Indonesia’s VC Landscape in 2023
Jakarta, Indonesia – Indonesia’s venture capital ecosystem is projected to see a major pullback this year, according to a new report from AC Ventures and Bain & Company.
The report forecasts VC deal value could decline up to 80% in 2023 compared to last year.
Several factors are driving the sharp drop, including worsening macroeconomic conditions globally, rising interest rates, and weaker consumer and business confidence levels.
Challenges Behind the Drop
The number of large deals above $50 million plunged 88% versus 2021, per the report.
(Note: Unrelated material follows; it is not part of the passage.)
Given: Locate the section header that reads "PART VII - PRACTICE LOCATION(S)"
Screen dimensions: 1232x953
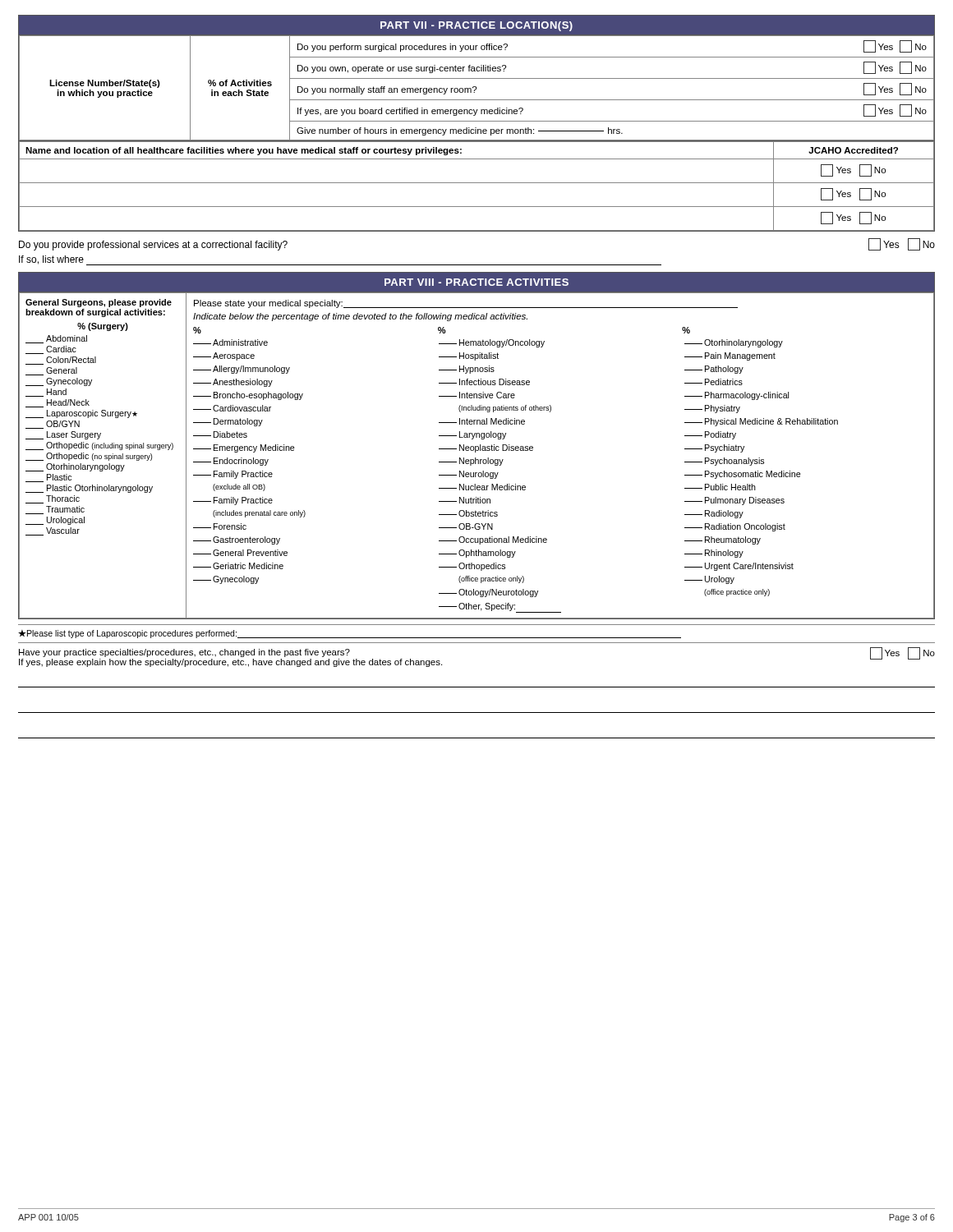Looking at the screenshot, I should pos(476,25).
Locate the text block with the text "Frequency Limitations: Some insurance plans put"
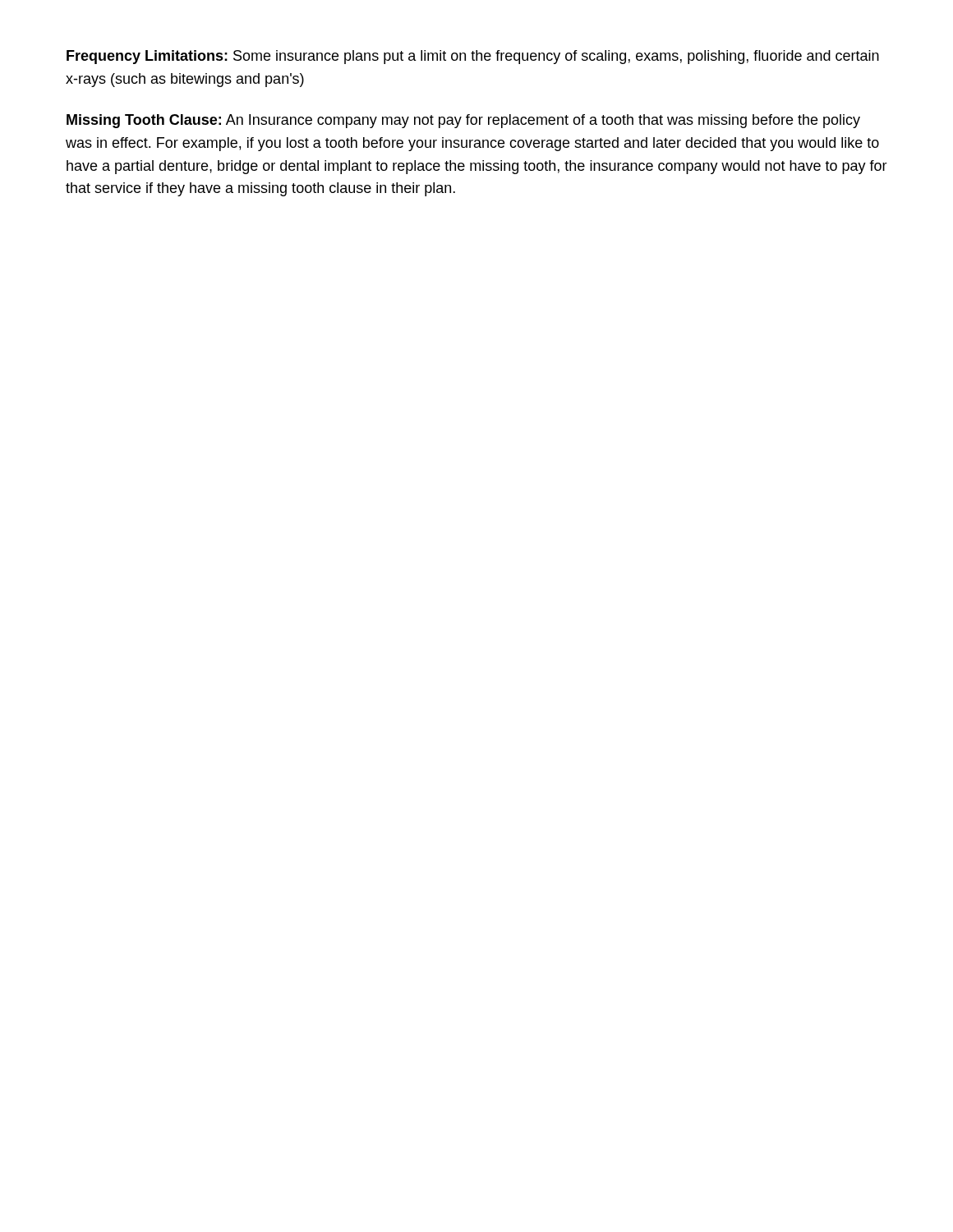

However, smaller deals under $10 million saw healthy growth.
Investment trends shifted toward ESG and climate tech, with emphasis on electric vehicles and battery technologies.
A few sectors bucked the downturn, as aquaculture deal value grew 1.2x and healthtech jumped from $8 million in H1 2022 to $51 million in H1 2023. This excludes Halodoc’s $100 million series D round in July.
While Indonesia’s startup funding environment has cooled significantly, smaller deals continue apace. Key sectors like sustainability and healthcare are also attracting investor interest despite broader VC market challenges.
As macro conditions stabilize, Indonesia’s strong fundamentals and demographics could reignite more robust VC activity. But for now, deal flow is down shifting as investors grow more selective amid global uncertainty.